"Eu Só Penso em Você", por Róbson Nunes

 

    Beto entrou em casa, jogando o casaco de couro marrom sobre o sofá, trancou a porta e guardou a chave no bolso. Ele precisava tomar estas precauções, logo sua casa poderia ser invadida pela polícia, ou por moradores revoltos.

   Andou até o quarto e com as mãos tremulas retirou de dentro de uma gaveta um pequeno frasco. Abriu-o e sentiu o odor familiar e calmante que este exalava.

   Despejou uma pequena quantidade do pó branco sobre um livro, tomando o cuidado de manter a capa deste limpa. Guardou o frasco no bolso. Retirando da mesma gaveta uma grande faca arrumou cuidadosamente o pó imitando uma linha. Analisou-a por um momento. Retirou, também da gaveta, um pequeno cilindro. Aproximou o pequeno tubo ao nariz, inclinando-se até que ficasse muito perto do livro, com uma forte aspirada fez sumir todo pó disposto ali.

   Largou o material utilizado encima da cama. Arrumou o cabelo escuro, que parecia molhado, por causa da oleosidade de muitos dias sem serem lavados. Deu mais uma fungada forte, coçando o nariz ao mesmo tempo. Sentiu uma vertigem tomar conta de sua mente. Sentiu náuseas. Na esperança de cair sobre a cama, tombou pelo chão, sua cabeça fez um ruído oco ao bater de encontro o assoalho de seu quarto.

    Beto não teve noção de quanto tempo ficou desacordado, mas acordou exatamente quando sua mulher começou a prepara o jantar, na cozinha, no final do corredor. Beto ouviu-a pegar a  tábua de cortar carne, abrir  uma gaveta, remexer em alguns talheres e fechá-la novamente.

    Beto levantou-se, cambaleante dirigiu-se para a porta do quarto, caminhando pelo corredor, ora batendo na parede da esquerda, ora na da direita. Ouvia sua mulher cantarolar baixinho, aquele música do Kid Abelha que ela tanto gostava.

    ...eu só penso em você, só penso em você, só penso em você...

    Ele já a havia batido por causa daquela música. Depois que ela começava neste refrão nunca mais acabava. Ela pegava a trilha do “só penso em você” e assim ficava por horas a fio se deixasse. Mas não, ele não deixava, ele ia até a cozinha e lhe fazia calar a boca, ah ele fazia. Ele fazia as mesmas coisas que seu pai fazia. Com seu pai era assim, “ou se fazia o que ele queria com um sorriso no rosto, ou se fazia o que ele queria com um olho roxo”, era o que ele falava. Agora refletindo, ele se parecia um pouco com seu pai, e não era só no nome. Umberto, que nome horrível era aquele, certamente não era escolha de sua mãe, mas seu pai quisera...

    Beto balançou a cabeça pra dispersar os pensamentos ruins, o velho tava morto e pronto. Mas o problema não era este. O problema era que sua mulher também estava morta. E no entanto ele podia ouvir sua voz tão claramente como se ela estivesse ali.

    Ele caiu no meio do corredor, batendo com o rosto na parede. Apesar de todo barulho sua mulher, ou o diabo que fosse, continuava cantarolando na cozinha. Ele levantou-se indignado, tomado por fúria, iria até lá, fazê-la calar a boca. Se ela não estivesse lá o fantasma dela se arrependeria de ter a começado aquela melodia.
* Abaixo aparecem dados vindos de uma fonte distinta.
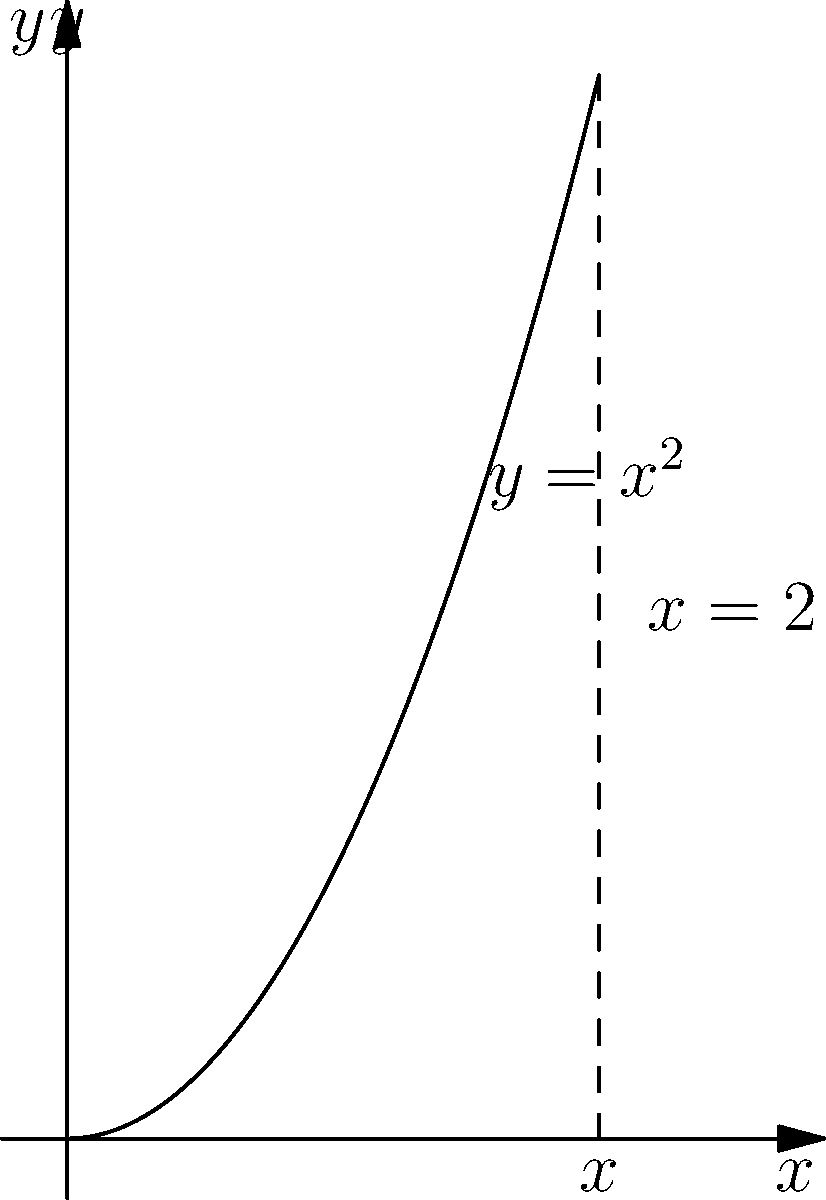As a PowerPoint presentation designer, you're creating a slide about 3D volumes. You need to calculate the volume of the solid formed by rotating the region bounded by $y=x^2$, $y=0$, and $x=2$ around the y-axis. What is the volume of this solid? Let's approach this step-by-step:

1) For rotation around the y-axis, we use the shell method. The formula is:
   $$V = 2\pi \int_a^b x f(x) dx$$

2) In this case:
   - $f(x) = x^2$
   - $a = 0$ (lower bound)
   - $b = 2$ (upper bound)

3) Substituting into the formula:
   $$V = 2\pi \int_0^2 x(x^2) dx = 2\pi \int_0^2 x^3 dx$$

4) Integrate:
   $$V = 2\pi [\frac{x^4}{4}]_0^2$$

5) Evaluate the integral:
   $$V = 2\pi [\frac{2^4}{4} - \frac{0^4}{4}] = 2\pi [\frac{16}{4}] = 2\pi (4) = 8\pi$$

Therefore, the volume of the solid is $8\pi$ cubic units.
Answer: $8\pi$ cubic units 
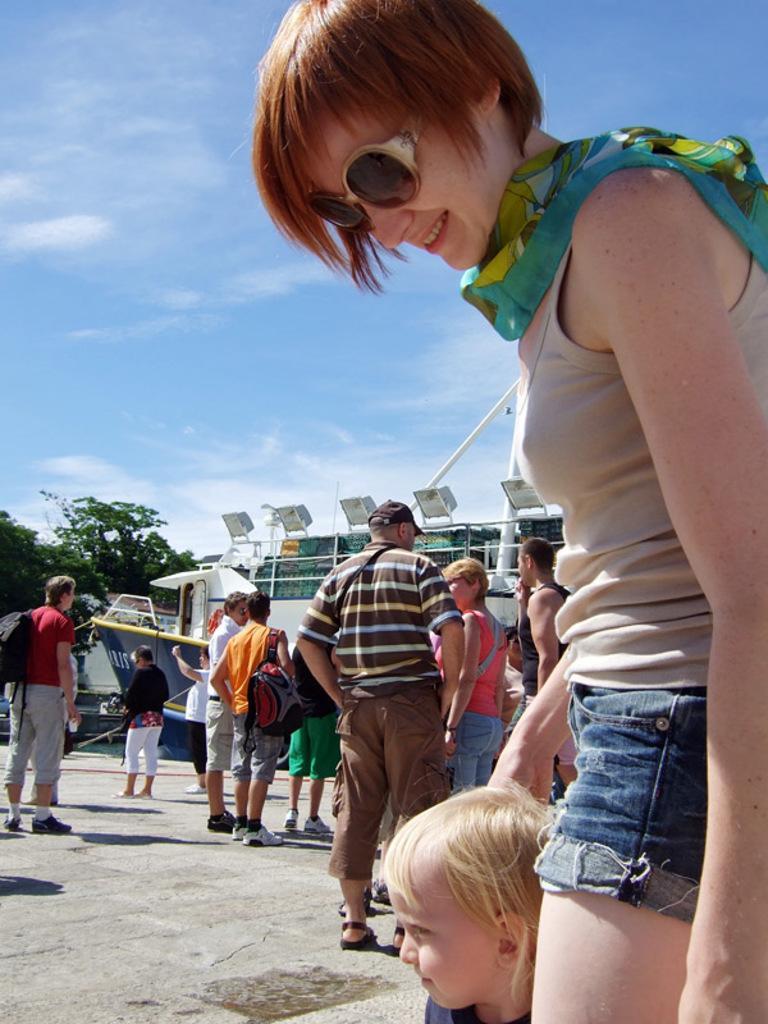In one or two sentences, can you explain what this image depicts? In the foreground, I can see a crowd on the road. In the background, I can see buildings, lights, trees, vehicles and the sky. This image taken, maybe during a day.

    Adentrou na cozinha, deparando-se com sua mulher de costas. Ele podia ver as esquimoses e os hematomas que os ombros sustentavam. Parou por um momento, olhando-a de esguio, o que aquela morta fazia ali? Isto que era a mulher que lhe obedecia, mesmo depois de morta ela voltava para preparar o jantar.

    Beto esboçou um sorriso. Mas logo escondeu o rosto entre as mãos, algo estava errado. Ou não estava tão errado assim, talvez tivesse tomado uma dose grande demais, porém pareceu-lhe uma pequena dose antes de tomá-la.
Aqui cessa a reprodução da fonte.